Jika berada di zona merah atau lebih buruk lagi, maka EPA merekomendasikan untuk menghindari aktivitas luar ruangan yang berat, mempersingkat aktivitas yang tidak terlalu berat, dan memindahkan aktivitas fisik di dalam atau menundanya sampai udara bersih.

Perlu diperhatikan juga bahwa orang dengan penyakit jantung atau paru-paru, orang lanjut usia, anak-anak, dan remaja, disarankan untuk sepenuhnya menghindari aktivitas fisik di luar ruangan jika polusi udara sangat buruk. Jika ingin memaksakan, berikut adalah beberapa hal yang terjadi pada tubuh jika berjalan dalam kondisi udara buruk:

1. Mata dan tenggorokan mungkin terasa iritasi

“Yang terbaik adalah menghindari atau membatasi waktu di luar ruangan saat kualitas udara seburuk itu, terutama orang-orang yang termasuk dalam kelompok sensitif," kata peneliti dan pakar kualitas udara, Jie Zhao.

Jika berani keluar, hal pertama yang mungkin terjadi adalah kita akan merasakan efek asap api di mata dan tenggorokan. “Dalam jangka pendek, jika kita adalah orang dewasa yang sehat, mungkin akan mengalami sakit tenggorokan dan mata gatal akibat iritasi.
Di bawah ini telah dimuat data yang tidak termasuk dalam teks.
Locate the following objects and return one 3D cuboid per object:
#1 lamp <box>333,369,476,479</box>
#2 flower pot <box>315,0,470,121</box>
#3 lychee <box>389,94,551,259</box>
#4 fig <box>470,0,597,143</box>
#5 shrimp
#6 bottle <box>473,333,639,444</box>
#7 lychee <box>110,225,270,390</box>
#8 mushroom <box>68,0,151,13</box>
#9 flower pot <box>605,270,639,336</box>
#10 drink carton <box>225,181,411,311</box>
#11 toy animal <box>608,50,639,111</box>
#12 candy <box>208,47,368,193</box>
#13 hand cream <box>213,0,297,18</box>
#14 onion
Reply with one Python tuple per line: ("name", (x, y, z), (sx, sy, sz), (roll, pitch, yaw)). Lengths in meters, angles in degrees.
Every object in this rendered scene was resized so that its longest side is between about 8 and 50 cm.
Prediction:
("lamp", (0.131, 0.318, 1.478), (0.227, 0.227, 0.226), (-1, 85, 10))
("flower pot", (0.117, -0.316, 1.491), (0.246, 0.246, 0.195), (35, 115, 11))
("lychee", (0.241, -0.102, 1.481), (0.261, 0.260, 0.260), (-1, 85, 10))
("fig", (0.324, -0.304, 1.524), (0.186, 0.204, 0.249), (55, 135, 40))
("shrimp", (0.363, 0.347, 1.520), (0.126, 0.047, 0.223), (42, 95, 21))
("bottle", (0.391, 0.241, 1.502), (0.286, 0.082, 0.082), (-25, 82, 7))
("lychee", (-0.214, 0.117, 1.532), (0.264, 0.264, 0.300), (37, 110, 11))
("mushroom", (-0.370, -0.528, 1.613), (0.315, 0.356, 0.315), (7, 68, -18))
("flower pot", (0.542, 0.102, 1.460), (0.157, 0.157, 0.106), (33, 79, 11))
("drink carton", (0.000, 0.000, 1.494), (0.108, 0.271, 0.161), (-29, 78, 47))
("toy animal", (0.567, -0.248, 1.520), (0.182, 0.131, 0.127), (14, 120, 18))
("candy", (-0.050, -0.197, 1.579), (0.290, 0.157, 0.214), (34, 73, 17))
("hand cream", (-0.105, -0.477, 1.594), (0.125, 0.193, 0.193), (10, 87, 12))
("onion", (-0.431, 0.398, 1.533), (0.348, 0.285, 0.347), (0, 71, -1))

Jika termasuk dalam salah satu kelompok sensitif, mungkin akan mengalami batuk, mengi, sulit bernapas, dan dalam kasus yang parah, masalah jantung yang serius,” jelasnya.

2. Sinus dan paru-paru terasa sakit

Sebagian besar dari kita menghirup virus, kuman, alergen, dan zat yang berpotensi beracun setiap hari, terutama jika kita tinggal di perkotaan. Tapi tambahan asap dari kebakaran hutan dapat benar-benar meningkatkannya dan memiliki efek yang lebih besar pada paru-paru.
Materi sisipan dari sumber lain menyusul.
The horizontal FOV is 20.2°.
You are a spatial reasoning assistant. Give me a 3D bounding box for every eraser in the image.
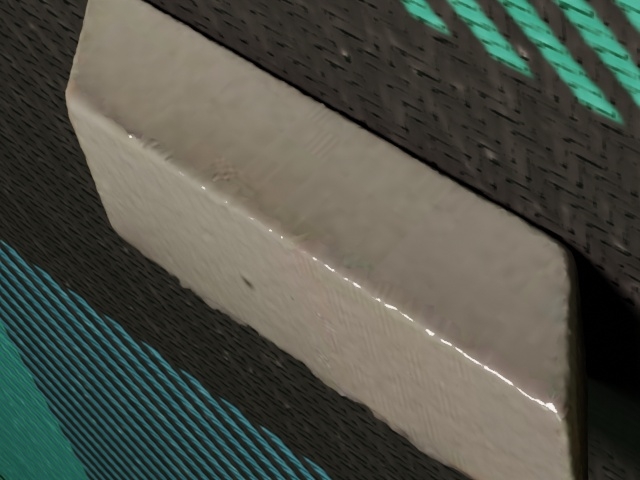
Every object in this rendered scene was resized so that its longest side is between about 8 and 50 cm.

"Hidung adalah jendela ke paru-paru. Paparan terhadap kebakaran hutan dan volatile organic compounds (VOC) atau senyawa organik yang mudah menguap, dapat merusak jaringan halus hidung, sinus, dan terutama paru-paru," kata CEO Silicon Valley Inventions, Gail Lebovic.

3. Organ vital bisa rusak dalam jangka panjang

Jika kualitas udara terus buruk, itu juga kabar buruk bagi tubuh. “Dalam jangka panjang, partikel halus yang kita hirup dari asap dapat menyebabkan lebih banyak kerusakan, karena dapat tetap berada di paru-paru dan bahkan memasuki aliran darah, akhirnya menuju ke organ tertentu, seperti dinding jantung,” kata Zhao.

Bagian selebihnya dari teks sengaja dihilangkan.